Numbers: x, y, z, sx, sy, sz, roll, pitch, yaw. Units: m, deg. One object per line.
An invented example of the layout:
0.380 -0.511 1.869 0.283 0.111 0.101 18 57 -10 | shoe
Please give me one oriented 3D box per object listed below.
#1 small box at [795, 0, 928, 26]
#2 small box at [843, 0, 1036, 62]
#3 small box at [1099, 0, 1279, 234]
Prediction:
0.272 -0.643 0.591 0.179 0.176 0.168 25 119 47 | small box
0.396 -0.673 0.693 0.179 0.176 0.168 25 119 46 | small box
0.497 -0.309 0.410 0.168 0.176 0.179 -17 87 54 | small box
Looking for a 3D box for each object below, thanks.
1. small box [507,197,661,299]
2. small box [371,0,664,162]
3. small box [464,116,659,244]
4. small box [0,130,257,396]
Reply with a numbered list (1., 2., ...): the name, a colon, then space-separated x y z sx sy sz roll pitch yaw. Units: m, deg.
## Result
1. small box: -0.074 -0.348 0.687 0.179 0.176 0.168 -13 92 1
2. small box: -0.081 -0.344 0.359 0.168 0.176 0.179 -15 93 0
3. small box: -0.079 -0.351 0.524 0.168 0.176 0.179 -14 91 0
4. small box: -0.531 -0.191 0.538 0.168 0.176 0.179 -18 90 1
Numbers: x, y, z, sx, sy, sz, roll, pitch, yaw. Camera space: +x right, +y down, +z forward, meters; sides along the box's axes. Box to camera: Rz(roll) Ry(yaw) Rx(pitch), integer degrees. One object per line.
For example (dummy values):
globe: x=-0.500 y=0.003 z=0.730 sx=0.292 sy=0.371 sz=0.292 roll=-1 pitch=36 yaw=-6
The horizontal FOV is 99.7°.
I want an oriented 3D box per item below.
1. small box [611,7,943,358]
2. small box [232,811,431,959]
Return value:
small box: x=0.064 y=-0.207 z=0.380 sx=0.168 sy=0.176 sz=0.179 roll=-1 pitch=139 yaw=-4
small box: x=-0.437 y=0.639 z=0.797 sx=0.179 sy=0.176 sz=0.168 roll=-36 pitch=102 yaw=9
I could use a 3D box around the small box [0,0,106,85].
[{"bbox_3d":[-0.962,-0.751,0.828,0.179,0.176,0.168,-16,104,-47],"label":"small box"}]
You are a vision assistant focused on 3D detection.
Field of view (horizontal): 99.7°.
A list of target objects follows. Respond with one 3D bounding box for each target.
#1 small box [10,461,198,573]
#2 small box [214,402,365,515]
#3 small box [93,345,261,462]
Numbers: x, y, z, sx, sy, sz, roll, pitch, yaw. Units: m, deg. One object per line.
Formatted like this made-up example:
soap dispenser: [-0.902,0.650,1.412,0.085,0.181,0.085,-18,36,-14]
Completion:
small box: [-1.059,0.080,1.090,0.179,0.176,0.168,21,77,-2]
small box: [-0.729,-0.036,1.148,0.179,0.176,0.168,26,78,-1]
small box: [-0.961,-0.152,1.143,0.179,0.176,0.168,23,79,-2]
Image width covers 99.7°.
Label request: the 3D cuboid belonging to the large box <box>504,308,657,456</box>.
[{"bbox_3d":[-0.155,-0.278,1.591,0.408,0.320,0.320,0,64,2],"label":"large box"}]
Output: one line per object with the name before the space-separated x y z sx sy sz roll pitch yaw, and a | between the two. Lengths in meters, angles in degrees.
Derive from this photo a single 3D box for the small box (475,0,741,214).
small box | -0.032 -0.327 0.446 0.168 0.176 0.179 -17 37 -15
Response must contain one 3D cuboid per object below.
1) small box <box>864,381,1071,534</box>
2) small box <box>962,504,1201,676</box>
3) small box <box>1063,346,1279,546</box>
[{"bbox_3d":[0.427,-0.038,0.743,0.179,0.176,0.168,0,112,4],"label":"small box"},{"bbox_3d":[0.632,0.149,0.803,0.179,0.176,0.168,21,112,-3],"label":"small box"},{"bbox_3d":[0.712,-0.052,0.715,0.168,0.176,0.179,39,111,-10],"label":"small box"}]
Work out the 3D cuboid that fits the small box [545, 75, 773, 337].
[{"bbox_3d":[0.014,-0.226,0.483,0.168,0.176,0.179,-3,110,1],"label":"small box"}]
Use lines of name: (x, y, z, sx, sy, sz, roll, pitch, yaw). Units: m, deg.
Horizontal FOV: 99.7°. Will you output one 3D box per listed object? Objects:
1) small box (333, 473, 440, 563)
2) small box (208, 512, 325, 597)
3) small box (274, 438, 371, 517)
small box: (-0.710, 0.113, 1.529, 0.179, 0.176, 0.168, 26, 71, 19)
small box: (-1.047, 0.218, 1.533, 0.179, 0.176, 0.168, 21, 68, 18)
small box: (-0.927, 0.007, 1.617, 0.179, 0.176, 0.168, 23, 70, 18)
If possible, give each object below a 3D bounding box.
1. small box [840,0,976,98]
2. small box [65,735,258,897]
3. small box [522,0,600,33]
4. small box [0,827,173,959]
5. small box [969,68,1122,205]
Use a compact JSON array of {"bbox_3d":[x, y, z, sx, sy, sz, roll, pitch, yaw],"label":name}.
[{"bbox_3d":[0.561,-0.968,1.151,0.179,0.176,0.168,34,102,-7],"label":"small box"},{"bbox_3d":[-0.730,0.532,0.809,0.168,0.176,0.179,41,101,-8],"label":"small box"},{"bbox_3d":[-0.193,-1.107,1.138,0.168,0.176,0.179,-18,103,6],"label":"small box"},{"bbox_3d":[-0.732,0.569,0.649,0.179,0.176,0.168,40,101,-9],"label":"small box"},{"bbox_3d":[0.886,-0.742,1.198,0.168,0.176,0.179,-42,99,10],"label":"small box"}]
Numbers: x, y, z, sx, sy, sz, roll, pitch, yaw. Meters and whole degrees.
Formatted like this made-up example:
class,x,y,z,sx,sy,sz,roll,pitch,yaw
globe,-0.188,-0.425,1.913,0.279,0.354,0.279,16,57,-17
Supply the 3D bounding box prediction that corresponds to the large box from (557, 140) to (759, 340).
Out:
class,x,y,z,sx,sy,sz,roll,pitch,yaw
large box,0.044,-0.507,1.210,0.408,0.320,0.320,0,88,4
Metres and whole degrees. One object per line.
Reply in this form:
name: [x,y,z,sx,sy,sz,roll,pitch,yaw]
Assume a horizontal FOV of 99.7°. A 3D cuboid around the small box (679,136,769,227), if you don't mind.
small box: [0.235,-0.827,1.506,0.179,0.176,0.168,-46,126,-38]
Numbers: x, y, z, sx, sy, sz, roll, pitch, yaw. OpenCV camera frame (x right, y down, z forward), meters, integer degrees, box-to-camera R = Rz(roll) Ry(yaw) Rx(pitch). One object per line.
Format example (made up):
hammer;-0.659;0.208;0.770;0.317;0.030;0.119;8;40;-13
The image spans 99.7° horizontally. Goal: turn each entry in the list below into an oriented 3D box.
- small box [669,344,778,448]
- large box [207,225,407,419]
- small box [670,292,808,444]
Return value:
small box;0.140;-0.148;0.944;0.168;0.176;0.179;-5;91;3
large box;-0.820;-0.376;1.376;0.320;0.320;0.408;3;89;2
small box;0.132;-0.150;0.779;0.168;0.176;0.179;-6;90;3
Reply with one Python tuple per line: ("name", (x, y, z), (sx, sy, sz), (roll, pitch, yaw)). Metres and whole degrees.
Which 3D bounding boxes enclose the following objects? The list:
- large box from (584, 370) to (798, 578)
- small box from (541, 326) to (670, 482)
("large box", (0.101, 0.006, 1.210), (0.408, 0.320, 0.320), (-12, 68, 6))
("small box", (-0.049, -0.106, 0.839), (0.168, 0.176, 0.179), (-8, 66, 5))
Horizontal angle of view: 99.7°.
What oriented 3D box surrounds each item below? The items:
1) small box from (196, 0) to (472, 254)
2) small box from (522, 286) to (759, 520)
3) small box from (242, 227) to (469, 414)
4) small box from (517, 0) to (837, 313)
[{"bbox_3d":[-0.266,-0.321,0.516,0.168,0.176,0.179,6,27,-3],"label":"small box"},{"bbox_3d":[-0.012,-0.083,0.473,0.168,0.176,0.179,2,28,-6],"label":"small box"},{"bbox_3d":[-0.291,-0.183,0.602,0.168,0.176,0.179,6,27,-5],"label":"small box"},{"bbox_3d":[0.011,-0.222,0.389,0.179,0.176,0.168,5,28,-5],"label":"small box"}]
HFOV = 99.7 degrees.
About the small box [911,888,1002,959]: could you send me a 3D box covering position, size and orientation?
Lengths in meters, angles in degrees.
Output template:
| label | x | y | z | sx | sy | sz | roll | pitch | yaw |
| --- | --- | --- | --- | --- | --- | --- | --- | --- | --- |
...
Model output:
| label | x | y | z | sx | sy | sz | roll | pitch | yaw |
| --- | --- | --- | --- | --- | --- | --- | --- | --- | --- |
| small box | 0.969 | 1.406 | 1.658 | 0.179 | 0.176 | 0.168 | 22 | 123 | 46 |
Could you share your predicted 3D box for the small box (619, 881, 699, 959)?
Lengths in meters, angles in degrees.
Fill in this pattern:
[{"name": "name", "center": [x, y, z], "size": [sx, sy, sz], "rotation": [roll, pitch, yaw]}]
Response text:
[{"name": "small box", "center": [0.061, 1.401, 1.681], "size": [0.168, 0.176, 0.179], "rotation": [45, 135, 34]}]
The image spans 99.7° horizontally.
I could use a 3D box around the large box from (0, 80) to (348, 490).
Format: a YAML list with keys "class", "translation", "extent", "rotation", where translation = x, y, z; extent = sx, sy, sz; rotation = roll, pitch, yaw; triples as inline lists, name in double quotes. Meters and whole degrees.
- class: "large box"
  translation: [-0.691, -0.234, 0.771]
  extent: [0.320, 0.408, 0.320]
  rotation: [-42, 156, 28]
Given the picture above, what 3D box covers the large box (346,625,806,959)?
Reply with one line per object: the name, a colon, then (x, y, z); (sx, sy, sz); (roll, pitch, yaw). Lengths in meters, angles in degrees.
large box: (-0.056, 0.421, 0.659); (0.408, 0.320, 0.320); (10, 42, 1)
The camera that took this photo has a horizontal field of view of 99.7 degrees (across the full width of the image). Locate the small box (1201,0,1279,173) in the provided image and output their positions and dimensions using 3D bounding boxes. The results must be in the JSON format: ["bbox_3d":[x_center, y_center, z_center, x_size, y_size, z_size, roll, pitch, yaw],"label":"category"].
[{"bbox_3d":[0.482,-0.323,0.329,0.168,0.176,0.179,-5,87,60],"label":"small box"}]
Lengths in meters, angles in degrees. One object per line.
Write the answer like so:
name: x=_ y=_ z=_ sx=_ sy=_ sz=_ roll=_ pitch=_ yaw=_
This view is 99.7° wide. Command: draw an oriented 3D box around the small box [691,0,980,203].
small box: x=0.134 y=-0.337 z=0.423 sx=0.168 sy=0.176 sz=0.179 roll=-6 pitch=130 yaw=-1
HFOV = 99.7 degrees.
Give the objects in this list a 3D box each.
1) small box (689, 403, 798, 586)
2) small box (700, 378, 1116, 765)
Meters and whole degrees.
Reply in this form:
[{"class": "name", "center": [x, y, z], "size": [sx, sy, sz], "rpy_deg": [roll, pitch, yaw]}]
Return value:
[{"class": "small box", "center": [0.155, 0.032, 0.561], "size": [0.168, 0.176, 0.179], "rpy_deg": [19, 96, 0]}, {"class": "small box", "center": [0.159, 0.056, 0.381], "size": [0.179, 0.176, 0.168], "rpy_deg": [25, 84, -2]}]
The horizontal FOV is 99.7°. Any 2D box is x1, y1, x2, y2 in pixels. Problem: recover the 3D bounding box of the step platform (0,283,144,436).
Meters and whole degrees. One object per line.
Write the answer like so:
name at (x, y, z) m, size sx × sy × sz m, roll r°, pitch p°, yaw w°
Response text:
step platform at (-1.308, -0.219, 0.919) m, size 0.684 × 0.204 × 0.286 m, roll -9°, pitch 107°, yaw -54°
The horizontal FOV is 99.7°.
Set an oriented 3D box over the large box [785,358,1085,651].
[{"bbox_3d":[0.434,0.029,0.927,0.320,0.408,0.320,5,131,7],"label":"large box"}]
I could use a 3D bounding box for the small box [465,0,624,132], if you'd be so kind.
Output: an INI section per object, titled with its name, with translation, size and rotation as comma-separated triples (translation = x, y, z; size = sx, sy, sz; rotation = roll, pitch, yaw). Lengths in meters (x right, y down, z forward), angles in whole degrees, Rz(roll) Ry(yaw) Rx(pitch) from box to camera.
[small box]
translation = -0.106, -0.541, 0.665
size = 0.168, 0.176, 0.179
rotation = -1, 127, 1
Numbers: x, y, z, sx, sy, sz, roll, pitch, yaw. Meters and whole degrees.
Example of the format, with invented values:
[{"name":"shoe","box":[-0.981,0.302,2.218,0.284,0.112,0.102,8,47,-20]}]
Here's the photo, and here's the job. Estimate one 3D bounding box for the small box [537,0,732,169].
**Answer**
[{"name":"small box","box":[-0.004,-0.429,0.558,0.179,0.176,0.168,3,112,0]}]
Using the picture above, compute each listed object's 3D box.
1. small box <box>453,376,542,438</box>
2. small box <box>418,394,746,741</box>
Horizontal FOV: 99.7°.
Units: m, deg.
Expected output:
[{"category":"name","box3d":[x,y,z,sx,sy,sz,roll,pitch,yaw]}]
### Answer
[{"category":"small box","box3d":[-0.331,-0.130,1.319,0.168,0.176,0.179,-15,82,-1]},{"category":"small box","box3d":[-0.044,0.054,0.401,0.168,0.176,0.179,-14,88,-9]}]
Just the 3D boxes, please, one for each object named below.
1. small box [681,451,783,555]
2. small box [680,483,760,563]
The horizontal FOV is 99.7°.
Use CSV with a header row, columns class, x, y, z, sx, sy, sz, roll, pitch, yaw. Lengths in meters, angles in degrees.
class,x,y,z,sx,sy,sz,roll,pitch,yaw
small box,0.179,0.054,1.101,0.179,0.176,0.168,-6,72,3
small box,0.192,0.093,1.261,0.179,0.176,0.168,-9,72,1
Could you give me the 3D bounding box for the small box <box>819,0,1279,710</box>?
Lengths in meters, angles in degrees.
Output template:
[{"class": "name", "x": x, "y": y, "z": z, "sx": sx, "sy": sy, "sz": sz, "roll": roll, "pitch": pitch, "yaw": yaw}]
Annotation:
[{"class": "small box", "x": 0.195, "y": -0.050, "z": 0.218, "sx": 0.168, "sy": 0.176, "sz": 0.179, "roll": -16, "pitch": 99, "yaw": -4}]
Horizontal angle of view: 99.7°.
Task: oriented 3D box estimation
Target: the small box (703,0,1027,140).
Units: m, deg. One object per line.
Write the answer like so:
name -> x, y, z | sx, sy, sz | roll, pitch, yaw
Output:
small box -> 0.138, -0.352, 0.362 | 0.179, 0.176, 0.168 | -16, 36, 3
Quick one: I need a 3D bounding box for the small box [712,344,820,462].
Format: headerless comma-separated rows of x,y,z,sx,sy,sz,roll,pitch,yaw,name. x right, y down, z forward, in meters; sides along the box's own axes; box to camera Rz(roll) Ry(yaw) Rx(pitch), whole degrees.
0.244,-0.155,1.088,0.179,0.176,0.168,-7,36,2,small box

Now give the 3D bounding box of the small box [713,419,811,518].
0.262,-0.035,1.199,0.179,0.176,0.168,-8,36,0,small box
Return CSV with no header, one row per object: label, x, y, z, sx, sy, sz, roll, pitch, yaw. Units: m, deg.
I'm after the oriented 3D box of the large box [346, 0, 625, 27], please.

———

* **Required action**:
All lines above between those holding "Image width covers 99.7°." and "2) small box <box>962,504,1201,676</box>", inclusive, must be set down unchanged, and no other line may be included.

* **Response for this exercise**:
Image width covers 99.7°.
Label request: the 3D cuboid belonging to the large box <box>504,308,657,456</box>.
[{"bbox_3d":[-0.155,-0.278,1.591,0.408,0.320,0.320,0,64,2],"label":"large box"}]
Output: one line per object with the name before the space-separated x y z sx sy sz roll pitch yaw, and a | between the two. Lengths in meters, angles in degrees.
Derive from this photo a single 3D box for the small box (475,0,741,214).
small box | -0.032 -0.327 0.446 0.168 0.176 0.179 -17 37 -15
Response must contain one 3D cuboid per object below.
1) small box <box>864,381,1071,534</box>
2) small box <box>962,504,1201,676</box>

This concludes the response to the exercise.